Si le roman Dracula a effrayé des millions de lecteurs, le vampire ne serait pas qu’un simple monstre de fiction. Au 18e siècle, l’Europe de l’Est aurait connu de nombreuses attaques de personnes vampirisées. Ces dernières ont mené à la recrudescence des chasseurs de vampires, traqueurs engagés pour éliminer les personnes mordues. Toutefois, les méthodes qu’ils employaient pour reconnaître un vampire ont de quoi surprendre. Découvrez les dessous de la chasse aux vampires.

Les vampires n’ont pas de reflet. Ils ne peuvent pas entrer chez vous si vous ne les invitez pas. Ils ne supportent pas l’ail, l’eau bénite, les crucifix. Ces êtres surnaturels dorment dans des cryptes froides, dans des cercueils. Puis, le soir venu, ils se réveillent pour se nourrir de notre sang.

Ce sont des « croyances » que les séries, les films et même la littérature ont véhiculées. Et continuent de véhiculer encore à notre époque. Et même si aujourd’hui, nous considérons les vampires comme une figure fantastique de la culture pop, il y a de cela des siècles, la croyance du vampirisme était bel et bien réelle. En effet, des documents datant du 18e siècle et provenant d’Europe de l’Est exposent les manières utilisées pour identifier un vampire.

Les archives de Calmet

Le roman Dracula de Bram Stoker était accompagné d’une préface, qui disparaîtra dans la publication de 1897. Il y écrivait sa conviction que tout ceci était loin d’être une simple fiction. Effectivement, la croyance en l’existence d’êtres revenant d’entre les morts, de vampires, était monnaie courante.

— Cath Klauber et Auguste Vindel / Wikipédia

Antoine Augustin Calmet, moine bénédictin, a archivé et répertorié tous les témoignages d’attaques de vampires survenues en Europe de l’Est de la fin du 17e jusqu’au début du 18e siècle. Ces archives, Dissertations sur les apparitions des anges, des démons et des esprits, et sur les revenants et vampires de Hongrie, de Bohême, de Moravie et de Silésie, furent publiées en 1746.

Même si l’étude des créatures fantastiques et leur existence sont controversées aussi à cette époque, Calmet affirmait que les témoignages ne pouvaient être dus à la simple imagination. Et pour cause, les témoins étaient d’un fiabilité extrême, les détails bien trop pointus et cohérents.

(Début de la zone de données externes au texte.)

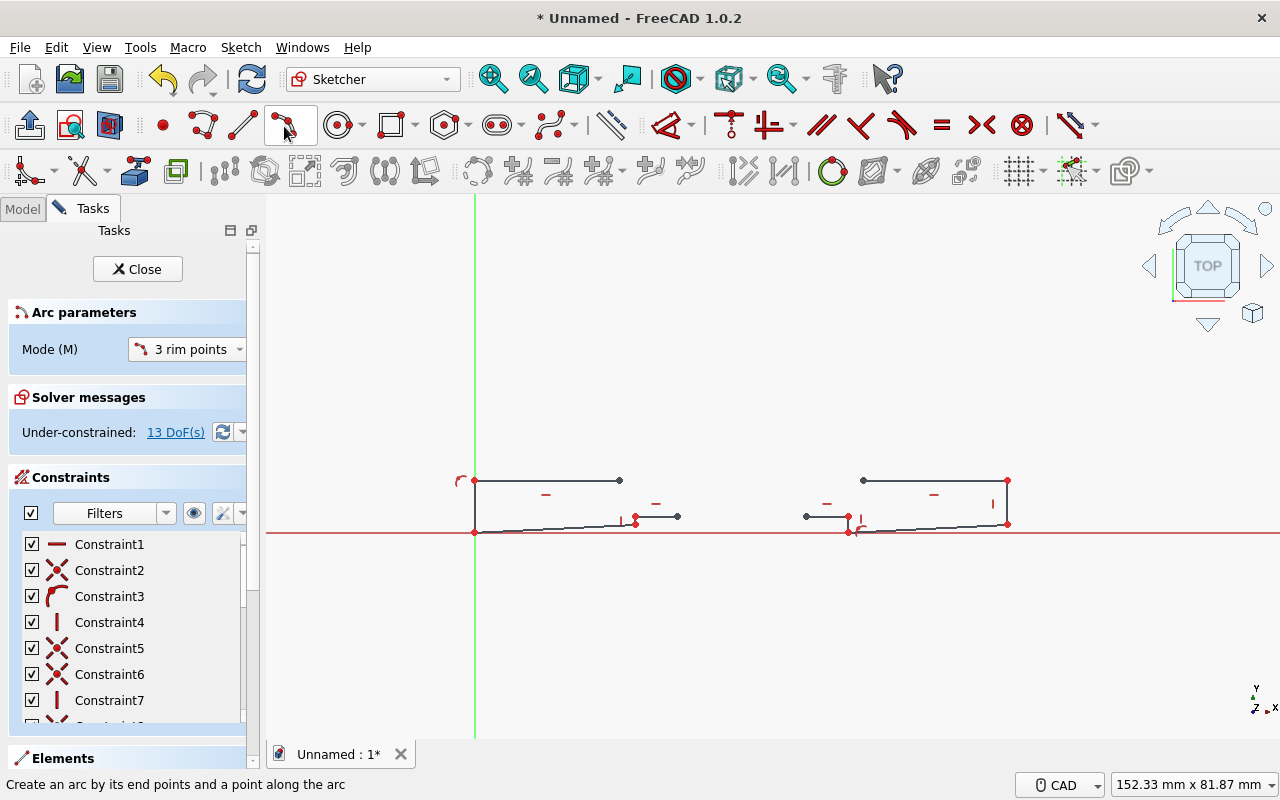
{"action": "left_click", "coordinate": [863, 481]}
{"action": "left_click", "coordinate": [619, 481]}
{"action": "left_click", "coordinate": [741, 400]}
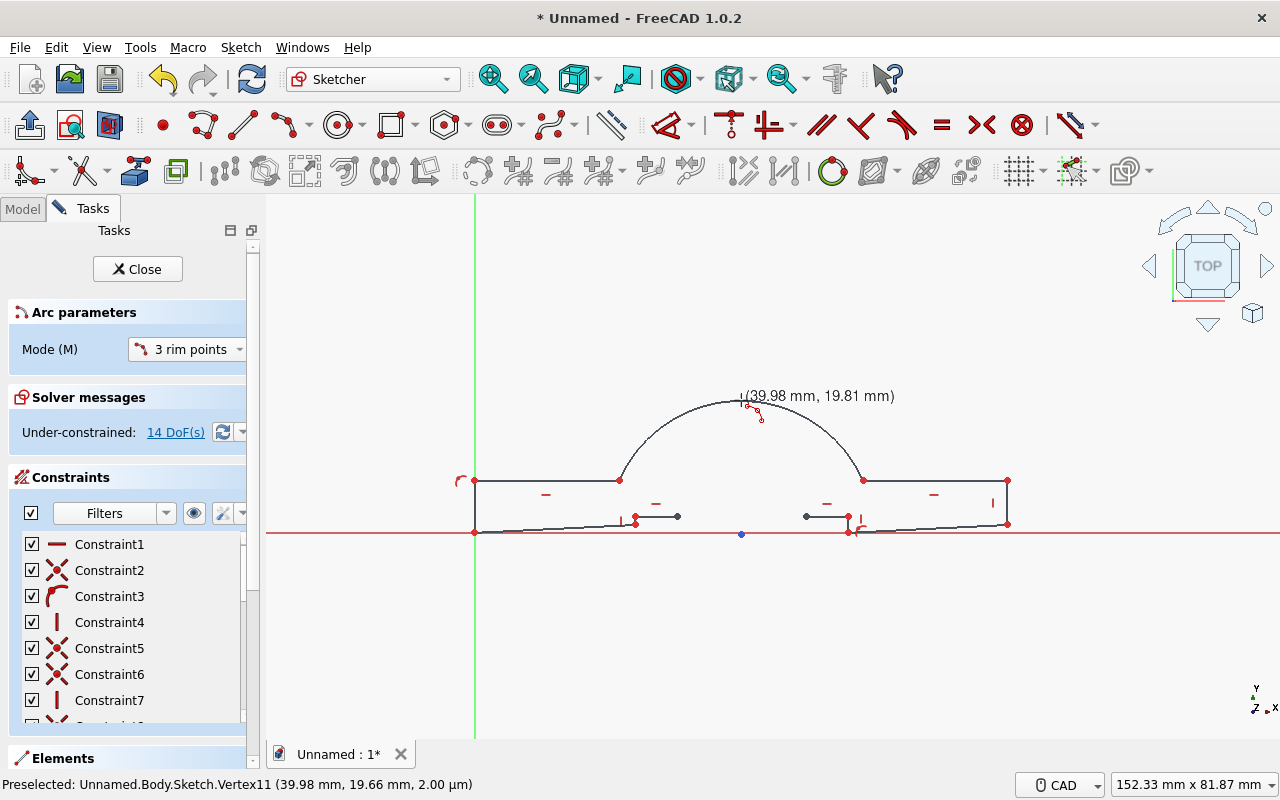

L’une des plus célèbres histoires relatées dans les Dissertations de Calmet est celle d’Arnold Paole. Paole habitait dans un tout petit village serbe et était persuadé d’avoir été attaqué par un vampire. Alors, il fit ce qu’il était recommandé : il avala la poussière de la tombe du vampire présumé et se recouvrit de son sang. Paole n’était plus sous l’influence du vampire. Malheureusement, il mourut quelque temps après. Puis, il revint à la vie sortant de sous terre pour attaquer animaux et humains, selon le témoignage de villageois.

Des ongles, des cheveux et du sang

Dans ce cas, les chasseurs de vampires exhumaient leur cible présumée pour vérifier s’ils avaient bien à faire à un cas de vampirisme. L’histoire raconte que c’est ce qui arriva à la dépouille de Paole. En effet, lorsque les villageois ouvrirent le cercueil, son corps était étrangement intact. Ses cheveux, sa barbe et ses ongles avaient même poussé. Quant aux parois de son cercueil, elles étaient recouvertes de sang frais. Les villageois lui plantèrent alors un pieu en fer dans le cœur. Paole lâcha un cri de douleur et sa plaie se mit à saigner.

— Antoine Wiertz – L’inhumation précipitée / Wikimédia

L’inaltérabilité des corps était la preuve même du vampirisme. Calmet avait constaté que plusieurs mois, voire plusieurs années, après la mise en terre d’un corps, certains avait encore du « sang à l’état liquide, une chair intacte ainsi que des membres flexibles et pliables ».

DES EXPLICATIONS SCIENTIFIQUES MÉCONNUES À L’ÉPOQUE

Nous savons aujourd’hui que des corps peuvent être en parfait état même après des années passés sous terre. En effet, la saponification est un phénomène qui arrive dans les pays humides et froids, comme les pays d’Europe de l’Est. Le corps produit des acides gras qui le transforment en une sorte de savon, empêchent sa putréfaction et lui laissent une certaine flexibilité. De même, avec de basses températures, le sang peut rester fluide pendant trois à quatre jours.

Quant au cri émis par les « vampires », il ressemblait davantage à un son aigu survenant suite à la perforation de la cage thoracique. En traversant la gorge, le son donnait l’illusion d’être émis par une personne vivante, persuadant les villageois qu’ils venaient d’abattre un vampire. En ce qui concerne les ongles, les cheveux et la barbe, il faut savoir que la peau d’un cadavre se déshydrate, sèche. Et ce phénomène post mortem peut donner l’impression que les ongles et les cheveux ont continué de pousser.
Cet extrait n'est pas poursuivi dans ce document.